Mobile network benchmarker Opensignal has analysed the real-world 5G experience in a bunch of countries, with the UK and US scoring poorly across the board.
Opensignal has come up with a metric it calls ‘5G download experience’, which is a product of average 5G download speeds and 4G speeds, with the proportions depending on how much 5G availability there is. The rational seems to be that if you have a 5G phone, but hardly ever get onto a 5G network, then your 5G experience is largely determined by 4G.

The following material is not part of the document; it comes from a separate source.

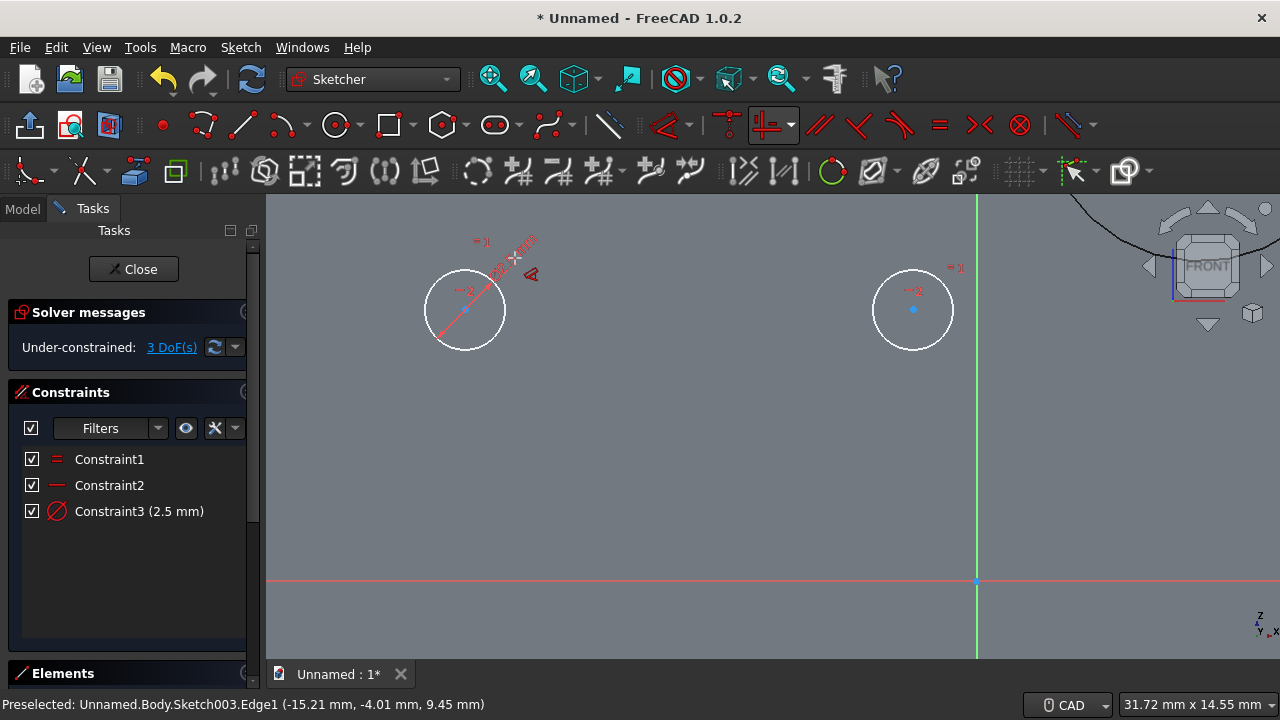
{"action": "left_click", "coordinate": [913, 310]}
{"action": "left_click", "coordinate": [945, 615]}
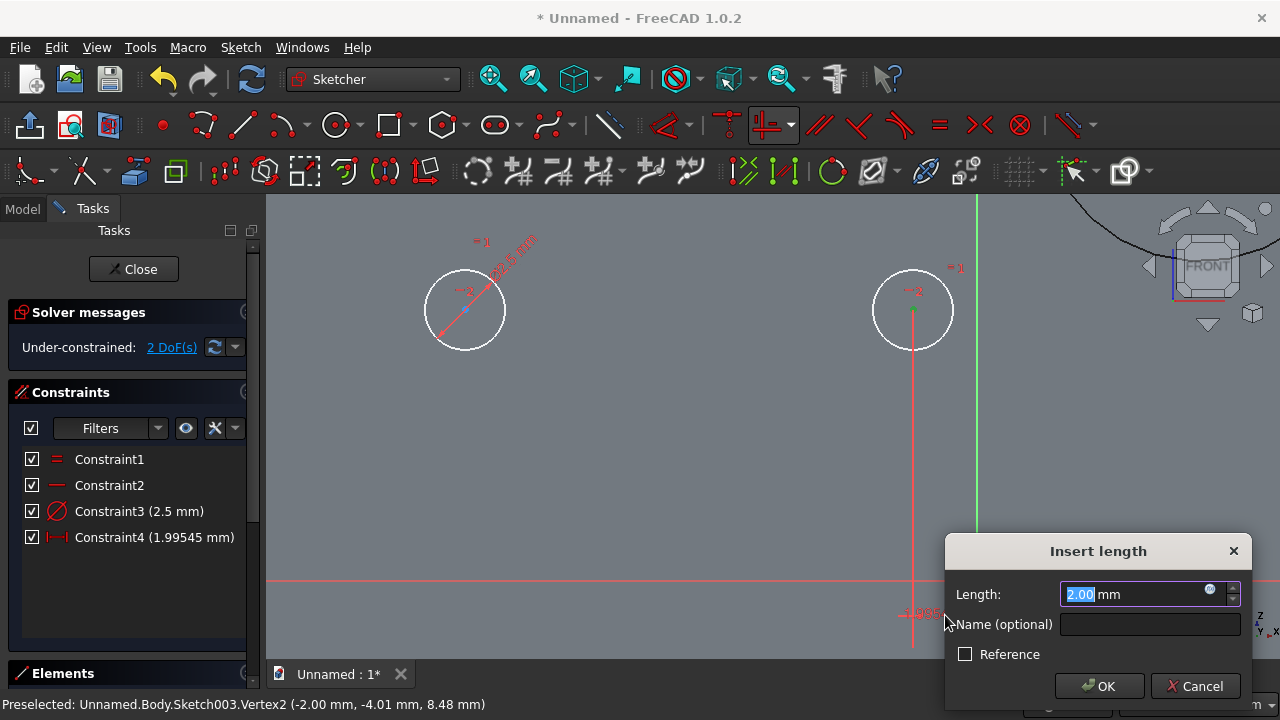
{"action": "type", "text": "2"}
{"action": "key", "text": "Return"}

So in the first chart below you can see average download speeds by country and the multiple from 4G to 5G. As you can see, the US is pretty rubbish on both counts. The second chart shows 5G availability, with UK 5G subscribers actually getting what they’ve paid for less than 5% of the time. As a consequence, the UK and US are very much bottom of the 5G experience table, as shown in the final chart.
Opensignal notes that the reason the US speeds are so bad is that its operators are mainly using small amounts of low frequency spectrum, which in turn bumps up their coverage numbers. That may be set to change following the mid-band auction, but coverage and capacity will always be a trade-off. It offers no such mitigation for the UK’s appalling coverage numbers.
UPDATE 09:30 27/8/20: In the second paragraph we called the Opensignal metric ‘5G download experience’, when the correct name is ‘5G download speed experience’. Apologies for any confusion caused.